Memory should be selective and privacy-safe. Approaches: - Summarize history - Store structured user preferences - Retrieve only relevant past context Avoid storing secrets, implement retention policies, and cap tokens. Use RAG-style retrieval for long-term memory instead of sending full history every time.
How do you design safe tool calling (function calling) in AI agents?
Tool calling must be constrained and authorized. Best practices: - Allowlist tools and validate arguments - Require confirmations for destructive actions - Enforce permissions server-side - Log tool calls for auditing Never let the model directly execute privileged actions without validation and policy checks.
How do you cache LLM responses safely to reduce latency and cost?
Cache when outputs are deterministic enough. Techniques: - Cache embeddings and retrieval results - Cache prompt+context hashes - Use short TTLs for dynamic data Avoid caching sensitive content, and include model/version in cache keys to prevent mixing outputs across model changes.

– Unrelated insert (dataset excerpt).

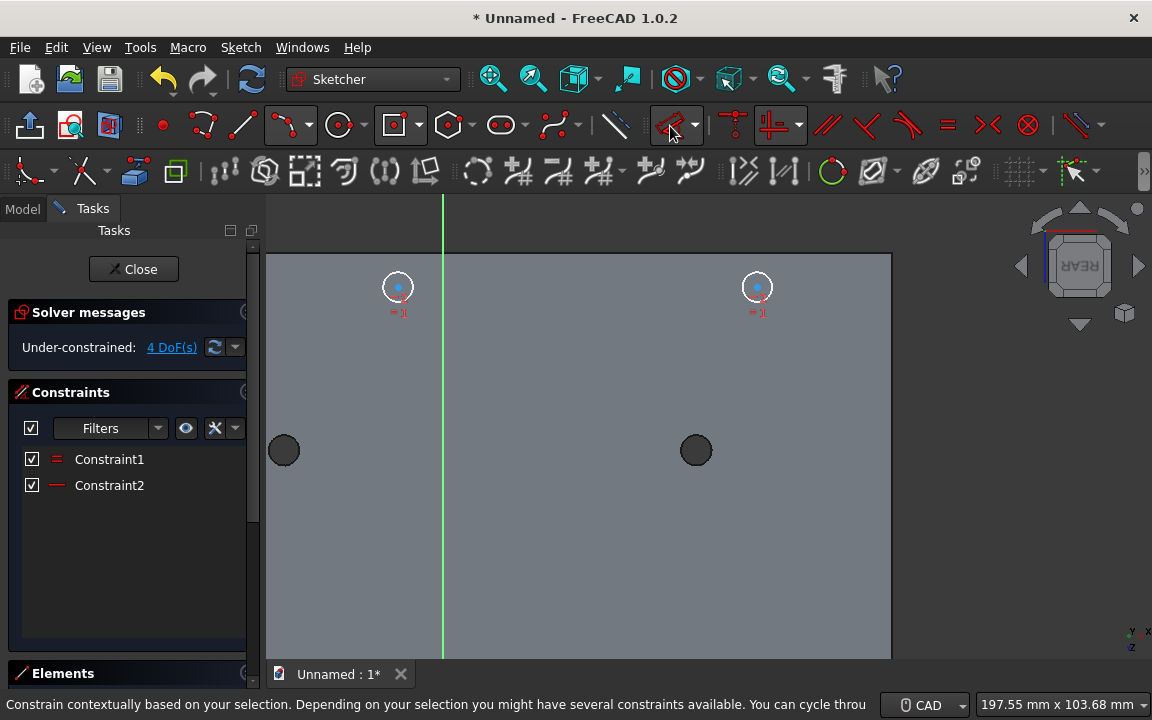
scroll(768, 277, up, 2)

How do you choose chunking strategies for RAG (size, overlap, structure)?
Chunking quality strongly affects retrieval. Guidelines: - Chunk by structure (headings/sections) - Keep chunks small enough to be specific - Use overlap to preserve context - Store metadata (source, section) Evaluate retrieval with real queries and tune chunk size/overlap based on recall and answer quality.
What is hybrid search and when is it better than pure vector search?
Hybrid search combines keyword (BM25) and vector similarity. It’s better when: - Exact terms matter (IDs, error codes) - Queries are short or ambiguous - You need filtering and precision Hybrid approaches often outperform pure vector search for enterprise docs where terminology is important.
How do you curate datasets for evaluation and fine-tuning in AI products?
Dataset quality drives model behavior. Practices: - Define user intents and failure cases - Create balanced, labeled examples - Remove sensitive data - Version datasets and track provenance Use a golden set for regression testing and update it as product requirements evolve.
How do you handle privacy and sensitive data in AI/LLM applications?
LLM apps can leak data if not designed carefully. Practices: - Minimize what you send to the model - Redact sensitive fields - Use retention controls - Apply access control and auditing For enterprise, consider on-prem/isolated deployments and strict data processing agreements.
What should you monitor in production LLM applications?
Monitor both system and quality signals. Track: - Latency and error rate - Cost per request - Safety policy violations - Retrieval quality (for RAG) - User feedback and escalations Use sampling for human review and track regressions when prompts/models change.
How do you reduce LLM costs without harming quality?
Cost reduction is a system design problem. Levers: - Smaller/cheaper models for simple tasks - Caching and batching - Shorter prompts and better retrieval - Multi-model routing Measure quality with a golden set so you don’t optimize cost at the expense of user experience.
What is multi-model routing and how do you implement it?
Multi-model routing chooses different models based on task complexity. Examples: - Cheap model for classification/summaries - Strong model for reasoning - Fallback when confidence is low Implement with routing rules, confidence scoring, and evaluation. Always log routing decisions to debug failures and costs.